I am working on a C# project where I need to get data from a secured web site that does not have an API or web services. My plan is to login, get to the page I need, and parse out the HTML to get to the data bits I need to log to a database. Right now I’m testing with a console app, but eventually this will be converted to an Azure Service bus application.
In order to get to anything, you have to login at their login.cfm page, which means I need to load the username and password input controls on the page and click the submit button. Then navigate to the page I need to parse.
Since I don’t have a ‘browser’ to parse for controls, I am trying to use various C# .NET classes to get to the page, set the username and password, and click submit, but nothing seems to work.

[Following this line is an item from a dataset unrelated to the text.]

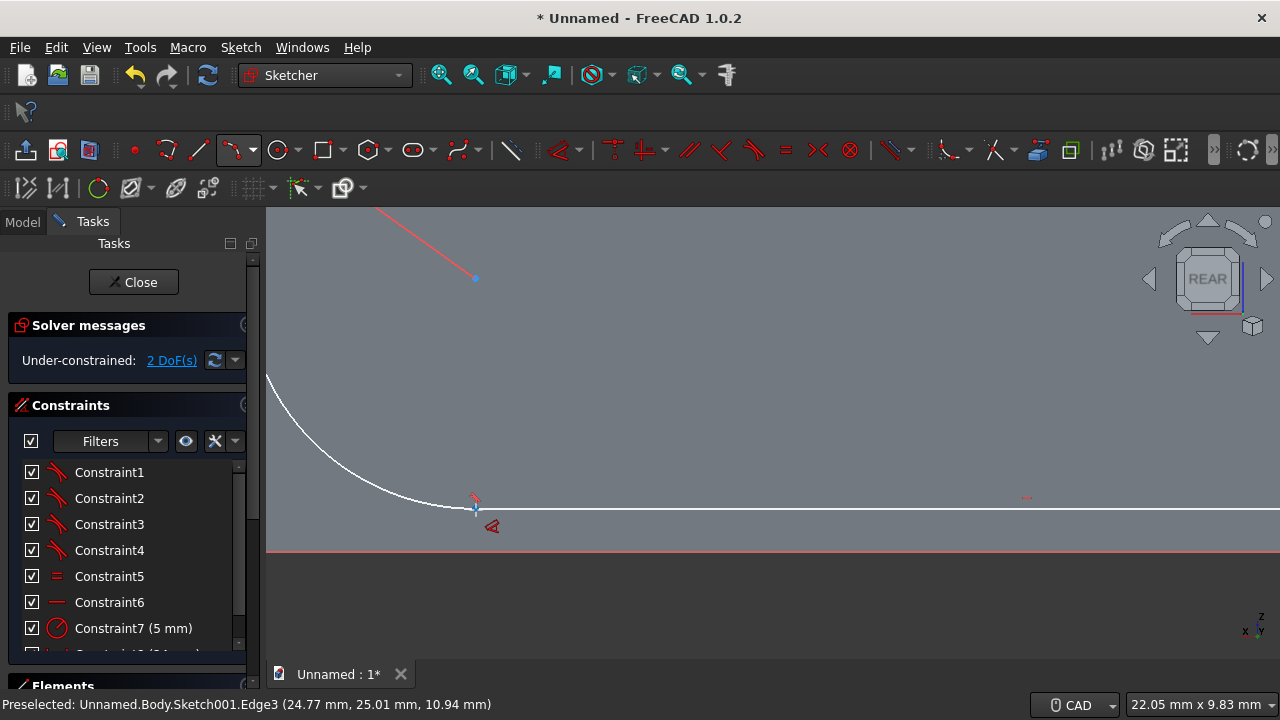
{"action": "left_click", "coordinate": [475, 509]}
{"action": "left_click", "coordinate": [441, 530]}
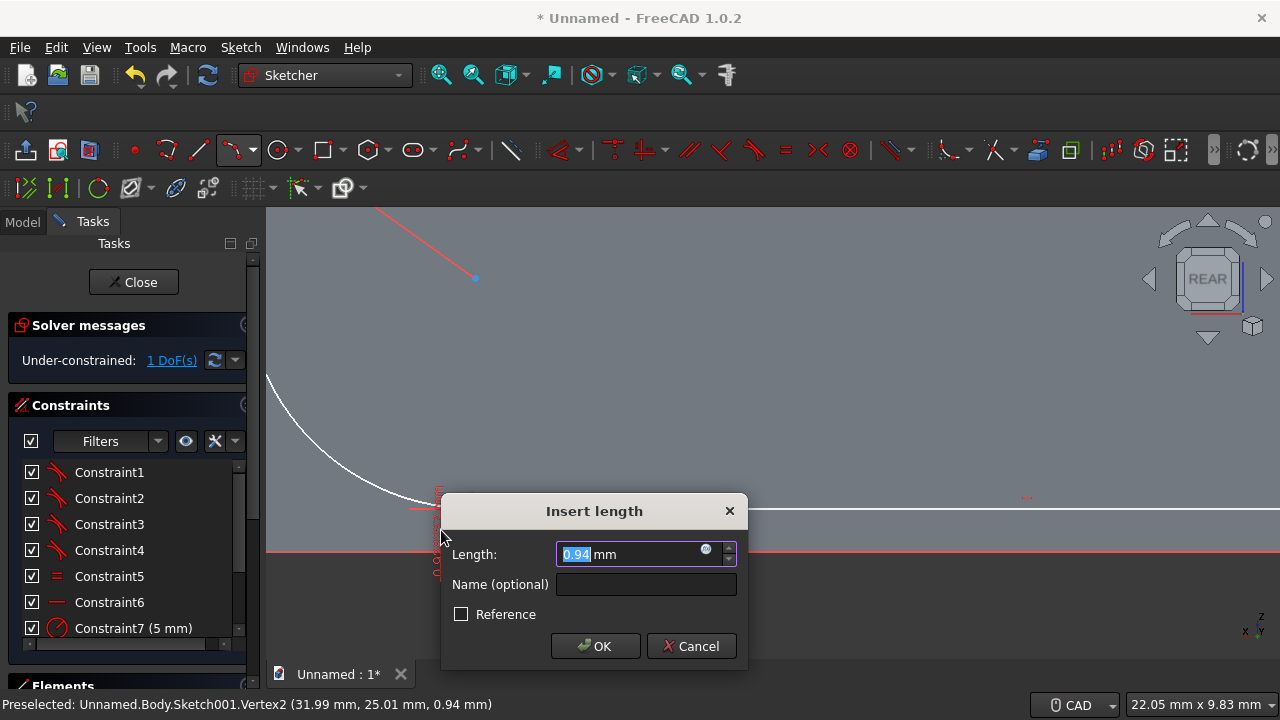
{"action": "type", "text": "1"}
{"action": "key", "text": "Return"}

Any examples I can look at, or .NET classes I should be reviewing that were designed for this sort of project?
Thanks!
Use the WebClient class in System.Net
For persistence of session cookie you’ll have to make a custom WebClient class.
Use a browser add-on like FireBug or the development tools built into Chrome to get the HTTP POST data being sent when you submit a form. Send those POSTs using the WebClientX class and parse the response HTML.
The fastest way to parse HTML when you already know the format is using a simple Regex.Match. So you’d go through the actions in your browser using the development tools to record your POSTs, URLs and HTML content then you’ll perform the same tasks using the WebClientX.